Instantly share code, notes, and snippets.

@duluca
Last active December 9, 2023 11:36
Show Gist options
  • Save duluca/ebcf98923f733a1fdb6682f111b1a832 to your computer and use it in GitHub Desktop.
Save duluca/ebcf98923f733a1fdb6682f111b1a832 to your computer and use it in GitHub Desktop.
Step-by-step Instructions to Setup an AWS ECS Cluster

Configuring AWS ECS to have access to AWS EFS

If you would like to persist data from your ECS containers, i.e. hosting databases like MySQL or MongoDB with Docker, you need to ensure that you can mount the data directory of the database in the container to volume that's not going to dissappear when your container or worse yet, the EC2 instance that hosts your containers, is restarted or scaled up or down for any reason.

Don't know how to create your own AWS ECS Cluster? Go here!

New Cluster

Sadly the EC2 provisioning process doesn't allow you to configure EFS during the initial config. After your create your cluster, follow the guide below.

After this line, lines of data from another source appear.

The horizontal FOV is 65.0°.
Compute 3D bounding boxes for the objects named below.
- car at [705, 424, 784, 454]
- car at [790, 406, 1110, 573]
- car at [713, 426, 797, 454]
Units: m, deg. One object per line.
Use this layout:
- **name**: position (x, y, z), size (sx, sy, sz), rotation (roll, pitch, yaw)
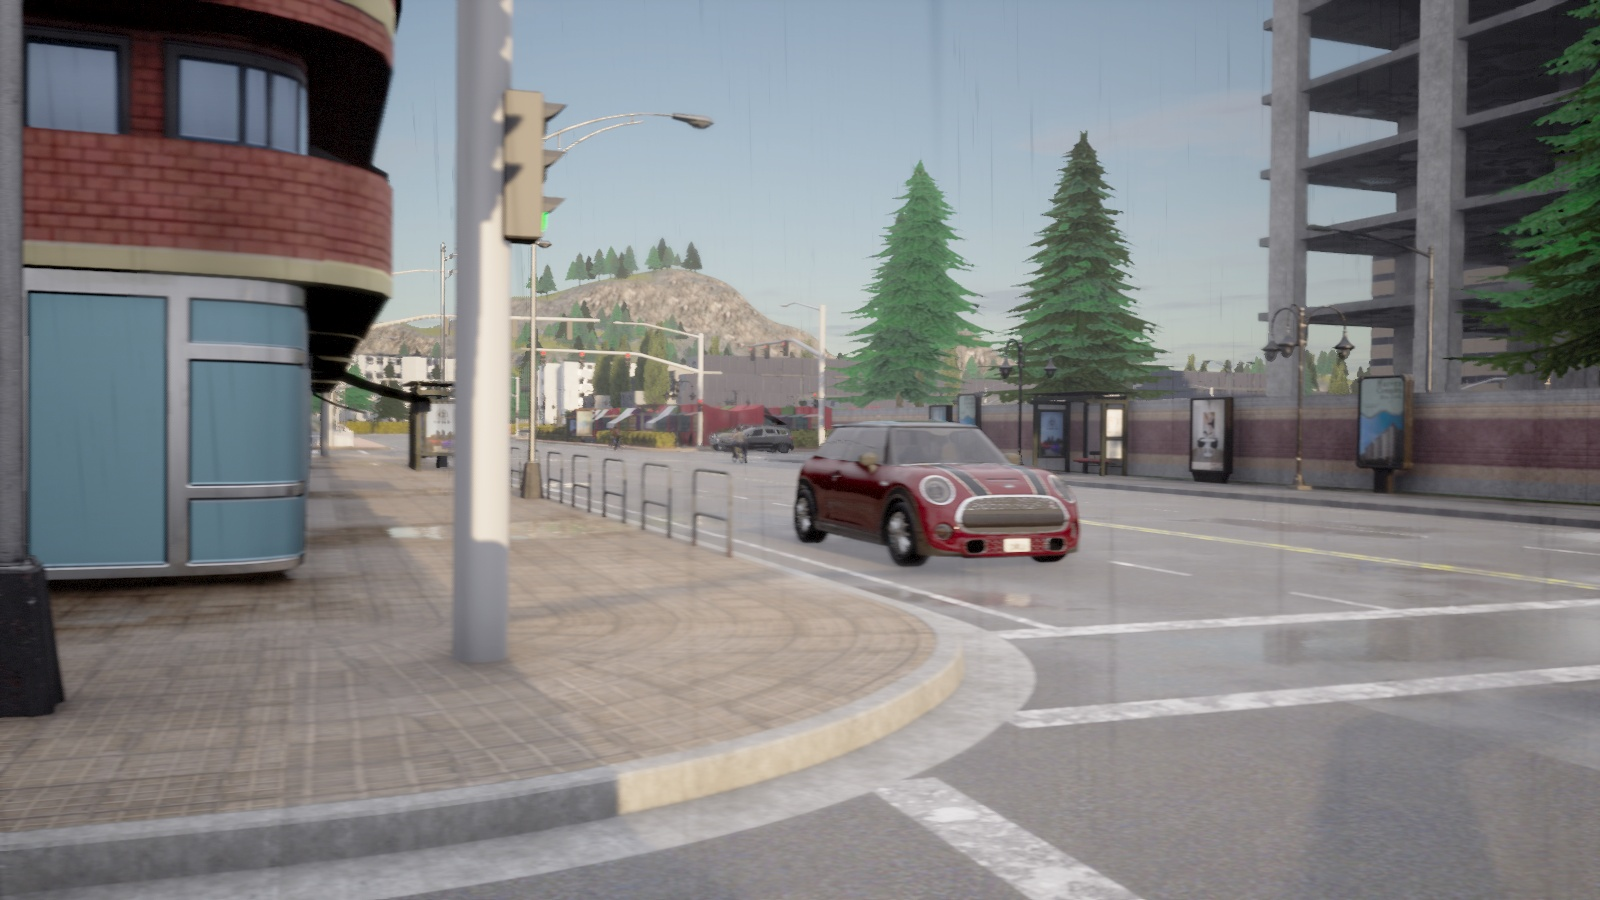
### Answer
- **car**: position (-3.552, -0.708, 80.224), size (4.605, 1.855, 1.932), rotation (-1, 1, -22)
- **car**: position (1.670, 0.381, 15.820), size (2.097, 1.767, 4.553), rotation (-1, 1, -21)
- **car**: position (-2.727, -0.630, 76.735), size (4.611, 1.667, 2.242), rotation (-1, 1, -23)
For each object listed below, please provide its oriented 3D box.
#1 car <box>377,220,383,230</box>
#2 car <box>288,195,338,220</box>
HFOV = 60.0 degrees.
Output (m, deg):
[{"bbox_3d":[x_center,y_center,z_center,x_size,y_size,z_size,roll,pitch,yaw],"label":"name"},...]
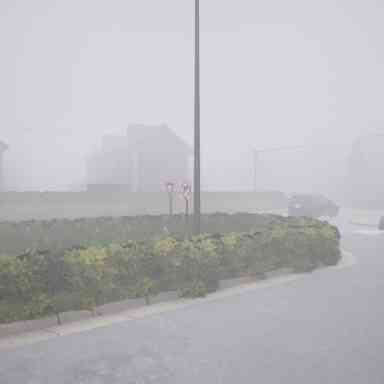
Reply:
[{"bbox_3d":[11.624,1.548,15.650,2.033,1.411,5.357,0,0,-21],"label":"car"},{"bbox_3d":[10.207,1.223,27.900,5.566,2.045,2.150,0,0,-44],"label":"car"}]
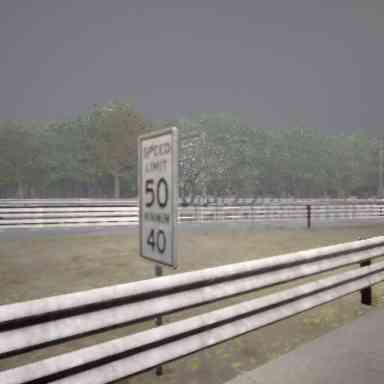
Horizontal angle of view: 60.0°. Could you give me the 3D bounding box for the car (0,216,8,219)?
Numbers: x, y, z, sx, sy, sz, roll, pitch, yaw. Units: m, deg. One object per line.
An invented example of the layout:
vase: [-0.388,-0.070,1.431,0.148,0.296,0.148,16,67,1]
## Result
car: [-14.894,1.345,21.208,5.357,1.411,2.033,0,0,-21]
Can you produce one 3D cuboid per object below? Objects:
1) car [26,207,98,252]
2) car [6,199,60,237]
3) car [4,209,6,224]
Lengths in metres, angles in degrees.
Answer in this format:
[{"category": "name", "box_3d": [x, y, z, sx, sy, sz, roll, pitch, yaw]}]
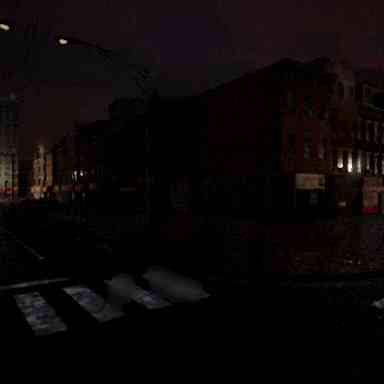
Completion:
[{"category": "car", "box_3d": [-5.342, 1.533, 13.817, 1.887, 1.381, 4.507, 0, 0, -36]}, {"category": "car", "box_3d": [-8.503, 1.300, 18.237, 2.192, 1.841, 5.009, 0, 0, -36]}, {"category": "car", "box_3d": [-11.666, 1.528, 22.655, 1.887, 1.381, 4.507, 0, 0, -36]}]
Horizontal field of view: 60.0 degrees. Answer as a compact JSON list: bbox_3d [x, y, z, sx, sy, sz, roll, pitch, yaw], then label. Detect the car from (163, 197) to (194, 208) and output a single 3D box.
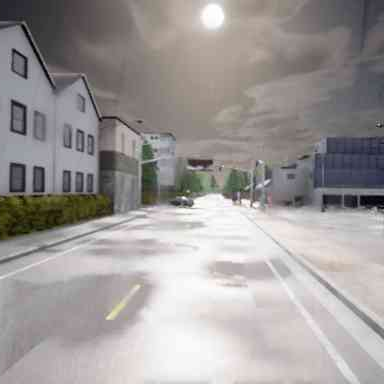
[{"bbox_3d":[-1.871,1.428,46.363,4.902,1.511,2.128,1,-1,40],"label":"car"}]
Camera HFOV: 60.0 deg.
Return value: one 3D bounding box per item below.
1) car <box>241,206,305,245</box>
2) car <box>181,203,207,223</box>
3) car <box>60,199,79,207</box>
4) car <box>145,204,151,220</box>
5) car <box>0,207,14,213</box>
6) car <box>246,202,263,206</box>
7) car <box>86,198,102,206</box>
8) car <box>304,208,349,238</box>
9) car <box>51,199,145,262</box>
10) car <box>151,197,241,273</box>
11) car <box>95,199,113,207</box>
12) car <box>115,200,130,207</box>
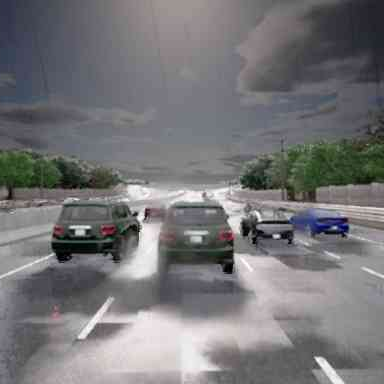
[{"bbox_3d":[3.534,1.645,16.280,2.128,1.511,4.902,0,-1,0],"label":"car"},{"bbox_3d":[0.204,1.774,29.570,2.128,1.511,4.902,0,-1,0],"label":"car"},{"bbox_3d":[-24.039,2.127,65.440,1.812,1.442,4.674,0,-1,1],"label":"car"},{"bbox_3d":[-3.286,1.775,31.160,1.882,1.535,5.008,0,-1,0],"label":"car"},{"bbox_3d":[-14.027,1.787,23.587,1.994,1.385,4.181,0,-1,0],"label":"car"},{"bbox_3d":[7.275,1.920,38.939,2.033,1.411,5.357,0,-1,0],"label":"car"},{"bbox_3d":[-20.477,2.124,69.835,1.882,1.535,5.008,0,-1,1],"label":"car"},{"bbox_3d":[7.137,1.659,19.061,1.882,1.535,5.008,0,-1,0],"label":"car"},{"bbox_3d":[-3.376,1.339,12.741,2.150,2.045,5.566,0,-1,0],"label":"car"},{"bbox_3d":[0.119,1.325,11.198,2.150,2.045,5.566,0,-1,0],"label":"car"},{"bbox_3d":[-17.047,2.143,64.941,2.033,1.411,5.357,0,-1,1],"label":"car"},{"bbox_3d":[-13.551,2.199,64.875,1.895,1.301,4.718,0,-1,1],"label":"car"}]
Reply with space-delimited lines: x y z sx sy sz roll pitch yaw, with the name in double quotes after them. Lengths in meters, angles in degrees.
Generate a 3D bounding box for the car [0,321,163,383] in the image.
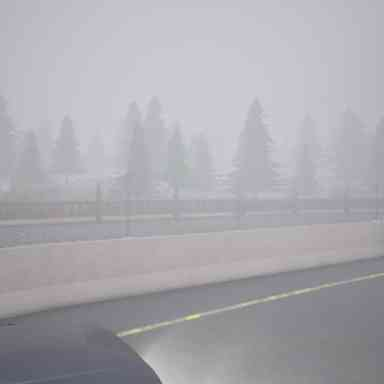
-2.720 1.536 1.770 5.357 1.411 2.033 0 0 -35 "car"

New Task Definition for Web App

If you're using an Alpine-based Node server like duluca/minimal-node-web-server follow this guide:

  1. Go to Amazon ECS
  2. Task Definitions -> Create new Task Definition
  3. Name: app-name-task, role: none, network: bridge
  4. Add container, name: app-name from before, image: URI from before, but append ":latest"
  5. Soft limit, 256 MB for Node.js
  6. Port mappings, Container port: 3000
  7. Log configuration: awslogs; app-name-logs, region, app-name-prod

New Task Definition for Database

If you're hosting a lightweight database like mongo or excellalabs/mongo:

  1. Go to Amazon ECS
  2. Task Definitions -> Create new Task Definition
  3. Name: mongodb-task, role: none, network: bridge
  4. Add container, name: mongodb-prod, image: mongo or excellalabs/mongo, append a version number like ":3.4.7"
  5. Soft limit, 1024 MB
  6. Port mappings, Container port: 27017
  7. Log configuration: awslogs; mongodb-prod-logs, region, mongodb-prod
  8. Add Env Variables, see excellalabs/mongo repo for details
MONGODB_ADMIN_PASS
MONGODB_APPLICATION_DATABASE
MONGODB_APPLICATION_PASS
MONGODB_APPLICATION_USER

It is not a security best practice to store such secrets in an encrypted form. If you'd like to do the right way, here's your homework: https://aws.amazon.com/blogs/compute/managing-secrets-for-amazon-ecs-applications-using-parameter-store-and-iam-roles-for-tasks/

  1. Then create a new service based on this task definition. 8.1. Make sure that under Deployment Options Minimum healthy percent is 0 and Maximum percent 100. You don't ever want two separate Mongo instances mounted to the same data source.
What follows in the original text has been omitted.